Throughout the work, screens move forward, back, and up and down. On them, I see original videos of participants from the survivor workshops, a face sometimes still and soundless, or the original gestures performed by the creators. In one clip, we listen and watch a woman describe the end of her life - she tells us who will be there, describes the sunlight streaming into the room, the bells she hears, and how she tries not to cry for her sons. She nods throughout the telling, like an affirmation to herself. As I think back on the piece, this remains my most vivid memory, rather than what any of the dancers on the stage were doing while she spoke.

Even amidst the heaviness of some of the narration, there is a vibrancy throughout the piece, particularly in the lighting design by Robert Wierzel, who uses solid blues, pinks, and yellows on the screens.

The second half introduces us to “Here,” with music composed and arranged by Vernon Reid. The costumes and the screen along the back of the stage are all in a saturated red, and pillars carve the light evenly across the back of the stage, creating alternating patterns of red and dark shadow. This second half repeats many of the same movement phrases and gestures of the first - perhaps too many of them, but it also feels different. It’s more chaotic, more urgent. An image is shown on the screens of a beating heart, and another time the screen frantically moves through pictures in a blur. The heart’s image strikes me as obvious, and the animation is a bit dated; the frantic movements and sounds push chaos at me, yet nothing bothers me about it. The layering of sounds, lights, colors, stories, and movements, performed by fantastic dancers, creates an immersive experience.
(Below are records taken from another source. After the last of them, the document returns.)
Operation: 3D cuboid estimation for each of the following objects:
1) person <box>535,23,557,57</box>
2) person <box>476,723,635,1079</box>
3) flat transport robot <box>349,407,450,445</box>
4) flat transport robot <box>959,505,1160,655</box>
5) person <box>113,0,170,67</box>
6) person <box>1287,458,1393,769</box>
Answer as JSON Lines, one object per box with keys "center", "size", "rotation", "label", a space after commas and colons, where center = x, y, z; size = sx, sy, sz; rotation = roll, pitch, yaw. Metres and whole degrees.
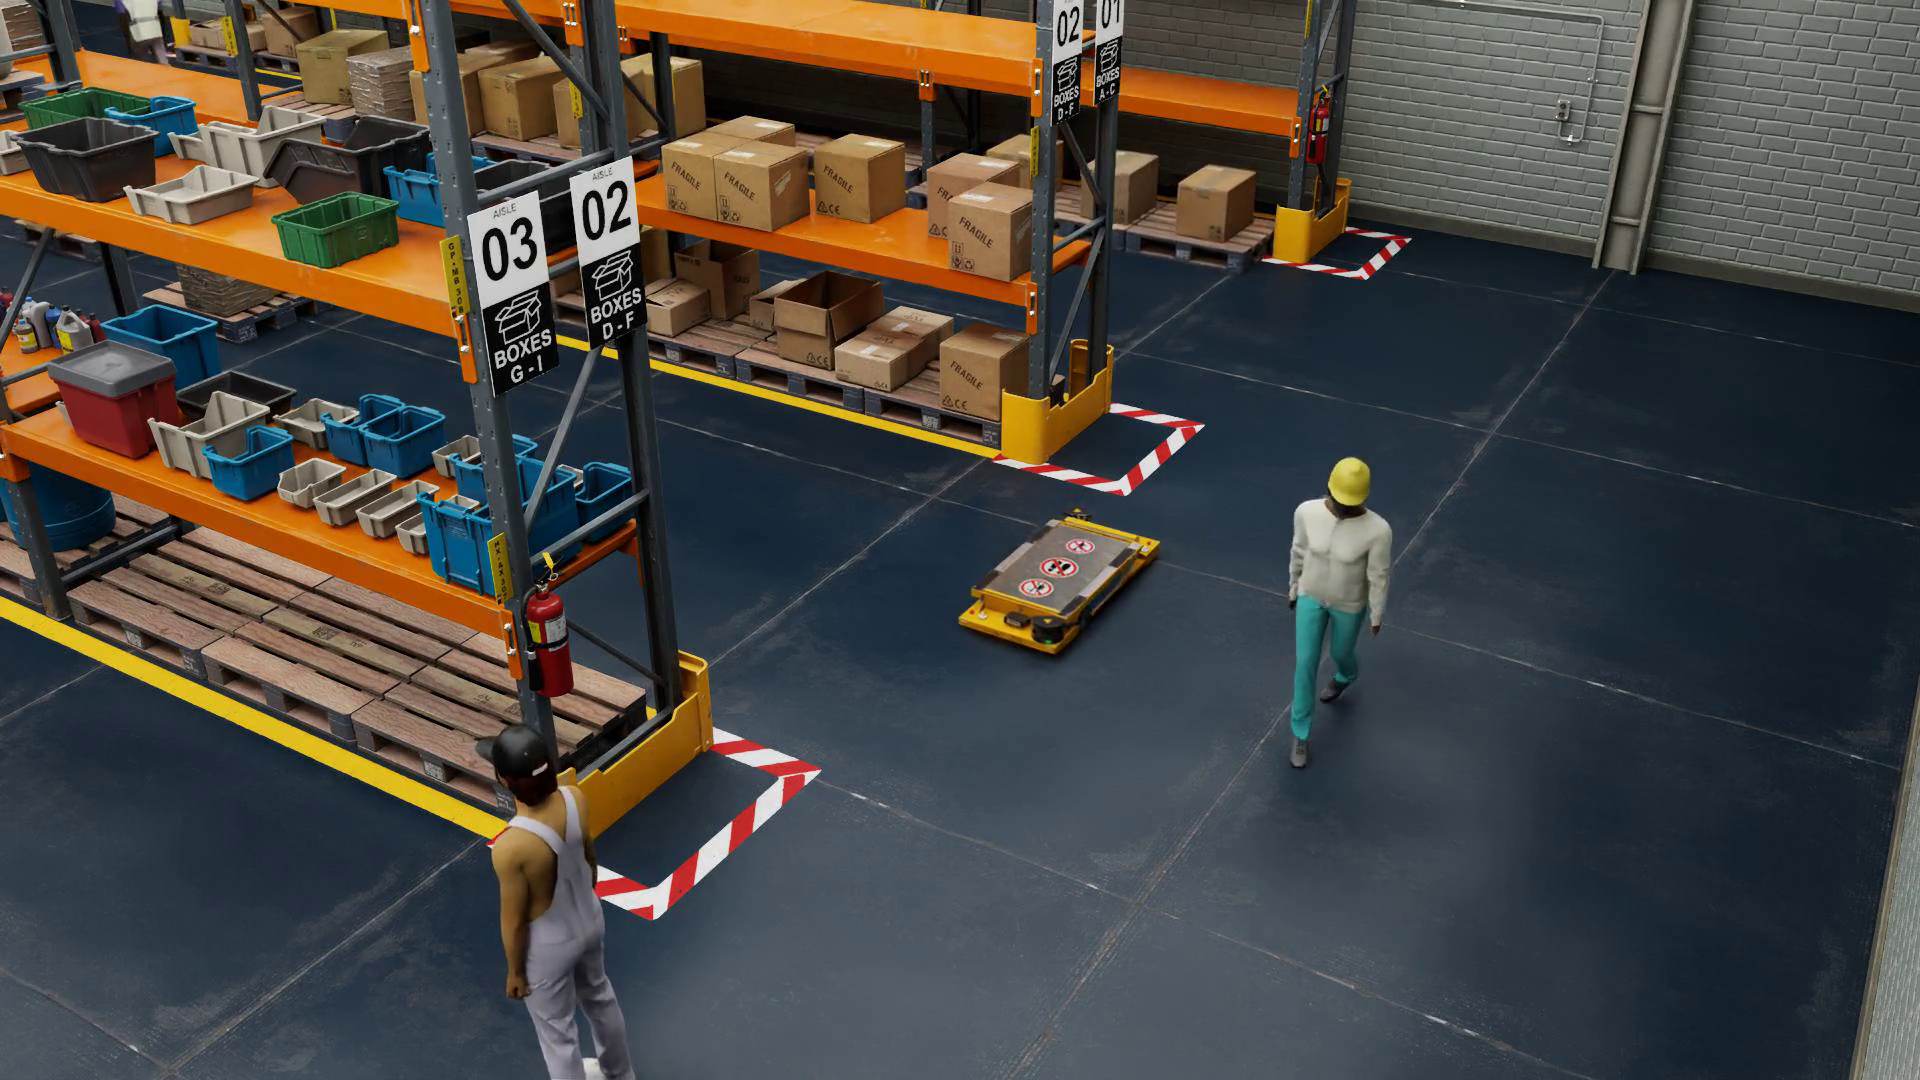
{"center": [-4.172, -4.470, 17.182], "size": [0.322, 1.698, 0.535], "rotation": [-17, 33, -28], "label": "person"}
{"center": [-1.571, 1.486, 6.345], "size": [0.433, 1.851, 0.506], "rotation": [16, 33, 26], "label": "person"}
{"center": [-4.250, -0.625, 11.755], "size": [1.431, 0.231, 0.659], "rotation": [18, 34, 29], "label": "flat transport robot"}
{"center": [0.636, 0.226, 10.227], "size": [0.659, 0.231, 1.431], "rotation": [16, 33, 27], "label": "flat transport robot"}
{"center": [-9.656, -5.923, 19.696], "size": [1.021, 1.778, 0.595], "rotation": [24, 37, 37], "label": "person"}
{"center": [1.967, 0.277, 8.645], "size": [0.527, 1.717, 0.819], "rotation": [13, 32, 22], "label": "person"}

Nearing the end, the dancers join up in a circle, and each spins, dropping into a deep plié where they grab hands for a moment, only to release and spin in the opposite direction, plié and grab hands again. While spinning, I hear names spoken on the recording; sometimes, it’s hard to discern through the cacophony of other sounds. Dancers break free and run, but are pulled back into the group. Emotion bubbles up for me most from the stories told by the workshop participants; their stories break through the noise.

The distance of 30 years offers another realization - that many of the workshop participants have passed. This brings with it a different kind of gravitas and emotion. It’s like the way I can know the sorrow coming at the end of a story, and still be moved by it - all the more so for knowing it.


Still/Here, Bill T. Jones/Arnie Zane Company, Peter Jay Sharp Building, Howard Gilman Opera House, Brooklyn Academy of Music (BAM) as part of its Next Wave 2024 & Emerging Visions Festival, Oct. 30- Nov. 2, 2024.

 

Homepage Image Description: A group of dancers all dressed in white are clumped together in front of a blue backdrop that has 2 pillars running down them. The dancer in the front is kneeling with her arms lifted to the side with bent elbows and her hands in fists. Behind her are two couples leaning away from center and each has one arm raised with a bent elbow and hand in a fist. All of the dancers look either down or out, with a serious and contemplative expression.

Article Page Image Description: A man in red shorts and a red shirt is standing on one bent leg while his other leg is stretched out behind him high in the air with his toes pointed. One of his arms is stretched forward with his palm lifted and fingers spread. There is a smile on his face as he reaches strongly forward with his arm and back with his leg. Behind him there are 3 large images of a heart on a blue screen.